Citation : 2021 Latest Caselaw 4816 Mad
Judgement Date : 24 February, 2021

Madras High Court
The Commissioner Of Gst & Central vs M/S.Rakindo Kovai Township on 24 February, 2021
                                                                          CMA.No.3020 of 2019


                                       In the High Court of Judicature at Madras

                                                  Dated : 24.2.2021

                                                       Coram :

                                     The Honourable Mr.Justice T.S.SIVAGNANAM

                                                         and

                                       The Honourable Ms.Justice R.N.MANJULA

                                      Civil Miscellaneous Appeal No.3020 of 2019


                     The Commissioner of GST & Central
                     Excise, Chennai North Commissionerate,
                     Chennai-34.                                             ...Appellant
                                                     Vs
                     M/s.Rakindo Kovai Township
                     Ltd., Chennai-18.                                       ...Respondent

APPEAL under Section 83 of Chapter V of the Finance Act, 1994

read with Section 35G of the Central Excise Act, 1944 against final

order No.42918/2018 dated 20.11.2018 passed by the Customs,

Excise and Service Tax Appellate Tribunal, South Zonal Bench,

Chennai.

For Appellant : Mr.V.Sundareswaran, SSC For Respondent : Mr.M.P.Senthilkumar for Mr.G.Baskar

https://www.mhc.tn.gov.in/judis/ CMA.No.3020 of 2019

Judgment was delivered by T.S.SIVAGNANAM,J We have elaborately heard Mr.V.Sundareswaran, learned Senior

Standing Counsel appearing for the appellant and Mr.M.P.

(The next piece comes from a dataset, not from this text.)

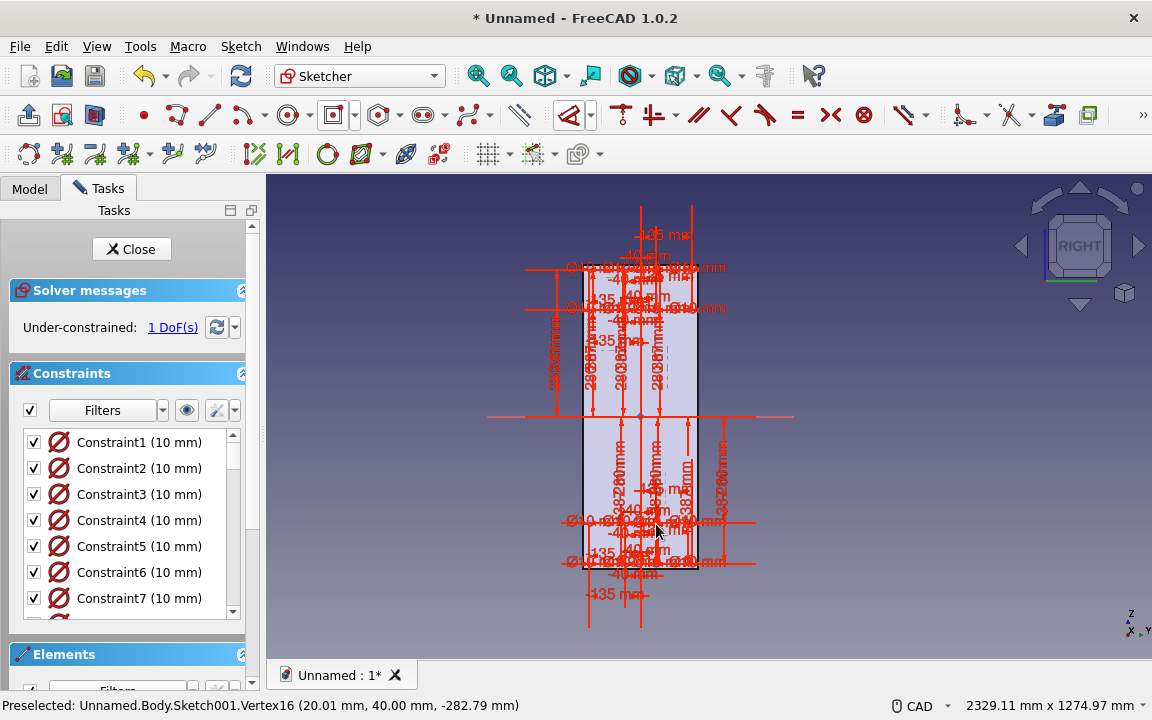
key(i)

Senthilkumar, learned counsel appearing on behalf of Mr.G.Baskar,

learned counsel on record for the respondent.

2. This appeal filed by the Revenue under Section 83 of Chapter

V of the Finance Act, 1994 read with Section 35G of the Central Excise

Act, 1944 is directed against final order No. 42918/2018 dated

20.11.2018 passed by the Customs, Excise and Service Tax Appellate

Tribunal, South Zonal Bench, Chennai (for short, the Tribunal).

3. The Revenue has filed this appeal by raising the following

substantial questions of law :

“1. Whether the order of the Tribunal is perverse and contrary to the admitted facts and circumstances of the case?

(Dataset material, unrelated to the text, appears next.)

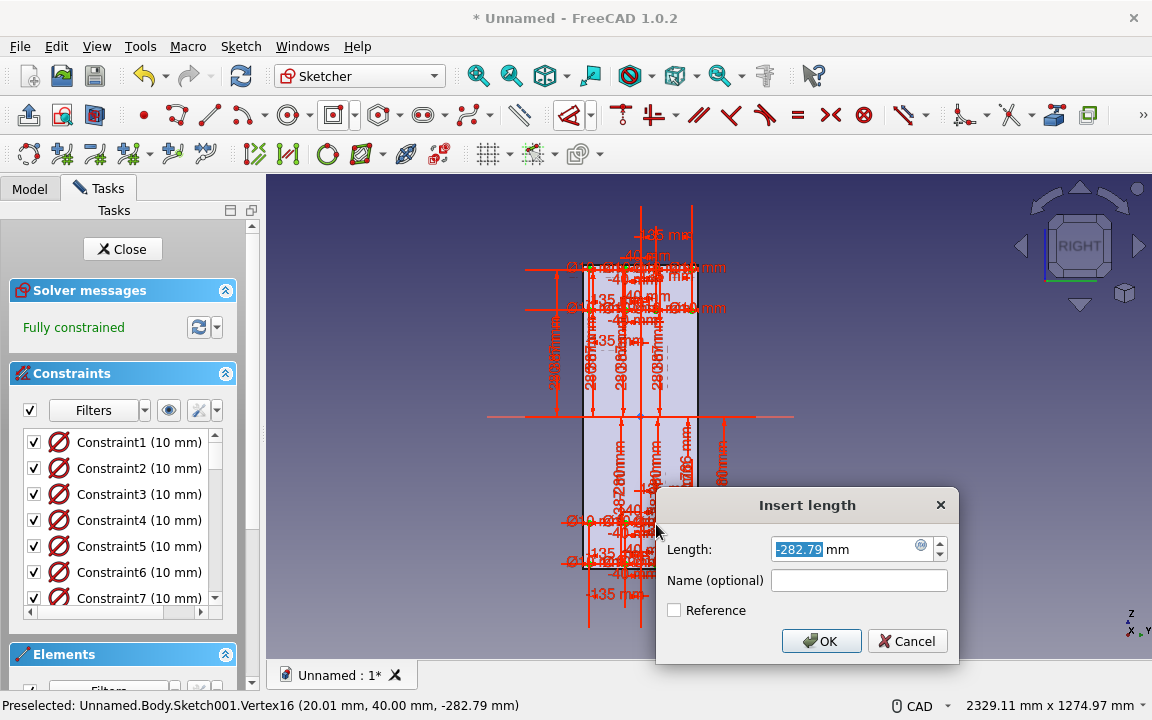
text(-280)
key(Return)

2. Whether the Tribunal was right in holding that the respondent is entitled for credit of service tax paid by them prior to registration with the Department ?

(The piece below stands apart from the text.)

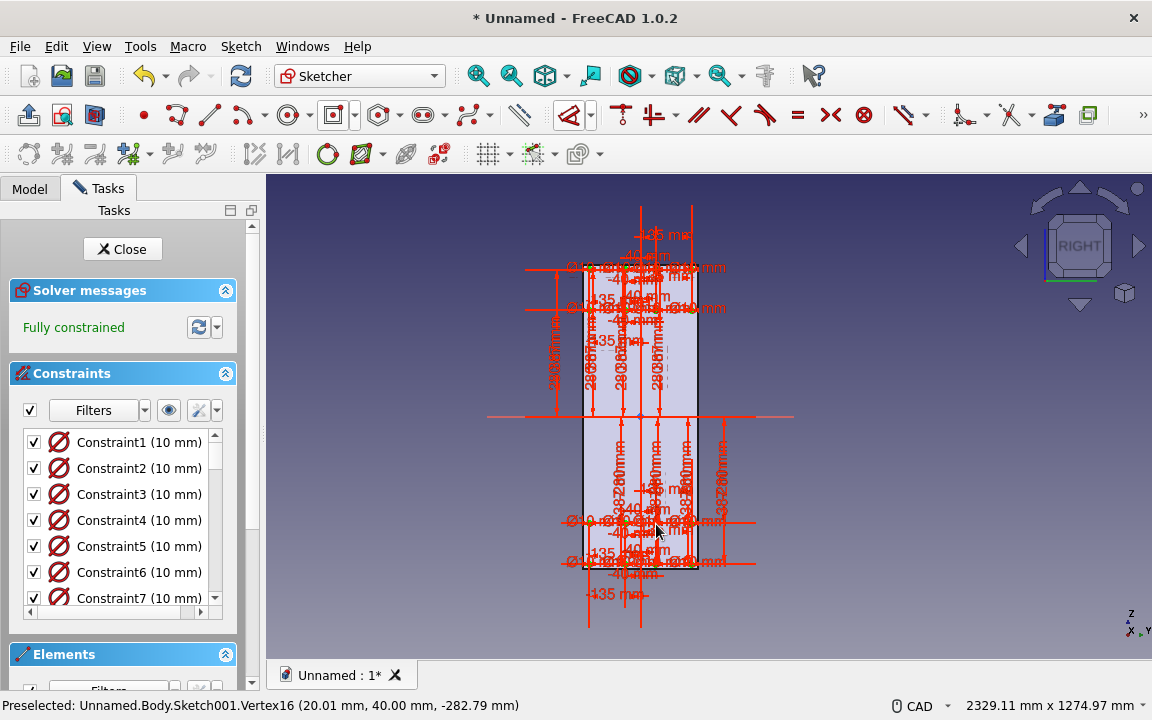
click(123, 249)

3. Whether the Tribunal is right in holding that the respondent was entitled for CENVAT credit prior to rendering any service nor getting registered with the Service Tax

https://www.mhc.tn.gov.in/judis/ CMA.No.3020 of 2019

Department when the decisions relied upon are sub-judice in the Apex Court? and

4. Whether the Tribunal was correct in ignoring the specific provision in the statute that services received from outside India, on which, service tax is to be paid cannot be treated as output service for the purpose of taking CENVAT credit ?”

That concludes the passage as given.